Burning Fossil Fuels Makes Atmospheric CO2 Levels Rise
We’ll get to the data in a second, but first—why does burning fossil fuels emit CO2?
The answer is simple:
combustion is reverse photosynthesis.
When a plant grows, it makes its own food through photosynthesis. At its most oversimplified, during photosynthesis, the plant takes CO2 from the air and absorbs light energy from the sun to split the CO2 into carbon (C) and oxygen (O2). The plant keeps the carbon and emits the oxygen as a waste product. The sun’s light energy stays in the plant as chemical energy the plant can use.
So wood is essentially a block of carbon and stored chemical energy.

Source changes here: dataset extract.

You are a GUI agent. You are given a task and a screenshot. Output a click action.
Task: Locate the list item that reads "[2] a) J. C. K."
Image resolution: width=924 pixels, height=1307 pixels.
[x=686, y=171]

When you burn a log, all you’re doing is reversing the photosynthesis. Normally, oxygen in the air just bounces off carbon molecules in wood—that’s why trees aren’t constantly on fire. But when an oxygen molecule gets moving fast enough and smashes into a log’s carbon molecule, they snap together and the oxygen and carbon are reunited again as CO2. This snapping releases chemical energy, which knocks into other nearby oxygen molecules, causing them to get going fast—and if they get going fast enough, they’ll snap together with another of the log’s carbon molecules, which releases more chemical energy. This causes a chain reaction, and the log is now on fire. So a log burning is the process of the carbon in the log combining with oxygen in the air and floating off as CO2.
Of course, that’s all irrelevant to the person burning the log—what they care about is the energy released during all of this CO2 formation. The release of all of the log’s stored chemical energy creates a glorious blaze of heat and light. The tree spent years quietly absorbing carbon molecules and sunshine joules, and all at once, during combustion, that carbon and sunshine explode back out into the world.

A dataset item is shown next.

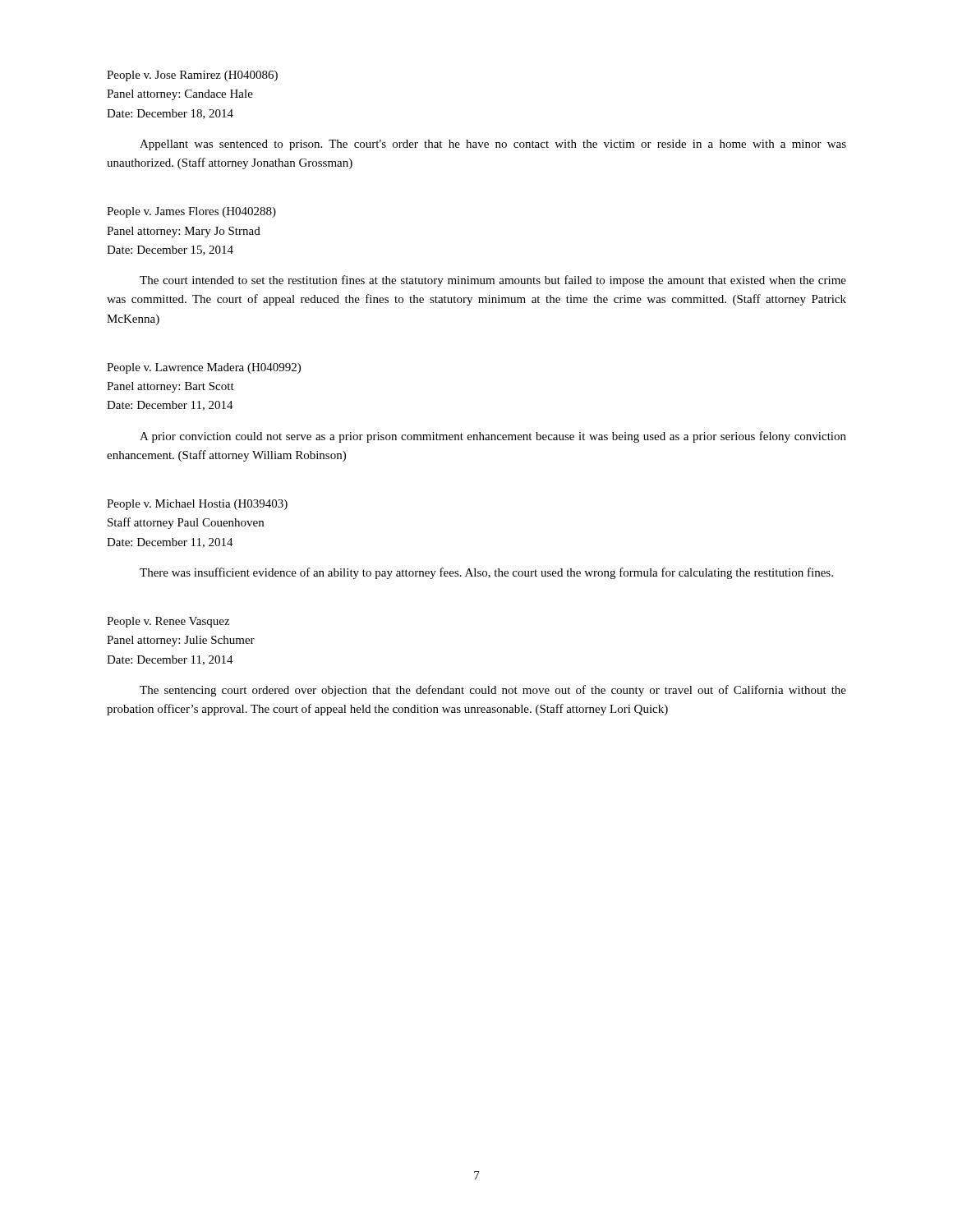Screen dimensions: 1232x953
Task: Locate the block of text that opens with "The court intended to set the restitution fines"
Action: point(476,300)

To put it another way, photosynthesis just kidnaps carbon and sun energy out of the atmosphere, and after years of holding them hostage, combustion sets them both free—the carbon as a billowing eruption of newly reunited CO2, and the sun energy as fire—meaning that fire is essentially just tightly packed sunshine.
But burning a log and releasing all that CO2 does not tamper with the atmosphere’s carbon levels. Why? Because the carbon that’s being released was recently in the atmosphere, and if you hadn’t set the log on fire, it would have likely decomposed, which would release the carbon back into the world anyway. The log’s carbon was only being held temporarily hostage, and releasing it through combustion has little effect.
Carbon flows from the atmosphere into plants and animals, into the ground and water, and then back out of all those things into the atmosphere—that’s called the carbon cycle. At any given point in time, the Earth’s active carbon cycle contains a specific amount of carbon. Burning a log doesn’t change that level because the carbon cycle “expects” that carbon to be hanging around the ground, water, or air.
But sometimes, a small portion of carbon in the cycle drops out of the cycle for the long term—it happens when a plant or animal dies but for some reason doesn’t decay normally. Instead, before it can decay and release its carbon back into the cycle, it’s buried underground. Over time, that lost carbon adds up. And today, the Earth’s fossil fuels make up a huge mass of lost carbon—carbon that long ago was taken hostage permanently, and carbon that the carbon cycle does not expect to be involved in its routine.
When humans discovered all of this underground kidnapped carbon, you have to remember that for them, the carbon wasn’t the point. They were staring at an endless sea of 300 million-year-old, densely packed sunshine—trillions of ancient plants with their joules intact—and since there are no laws protecting the estates of Carboniferous plants, we could seize it all for ourselves. The grandest joule theft in history.
And as we helped ourselves, we didn’t worry about the fact that extracting those joules also meant extracting carbon that had been buried as far back as the Precambrian period—there were locomotives to fuel and cars to power and buildings to heat, and the joules were irresistible.
And those joules have gone a long way—you can thank them for the comforts and quality of your life today. But those carbon molecules have gone a long way too.
Starting in 1958, scientist Charles Keeling started measuring atmospheric CO2 levels from an observatory on Mauna Loa in Hawaii. Those measurements are still going on today. Here’s what they show:
The zig-zaggy motion of the line is due to the level falling each year in the summer when plants are sucking up CO2 and rising up again during the winter when the leaves are dead. But the overarching trend is unmistakable. To put that into context, ice drilling technology allows scientists to collect accurate data on what CO2 levels have been throughout the last 400,000 years. Here’s what they’ve found:
So atmospheric CO2 levels have oscillated between about 180 and 300 parts per million over the last 400,000 years, never eclipsing 300, and suddenly in the last century the level has vaulted up to 400 (it’s currently at 403ppm).
So instead of the atmosphere being .02% or .03% carbon, it’s now .04% carbon and maybe moving towards .05% and higher.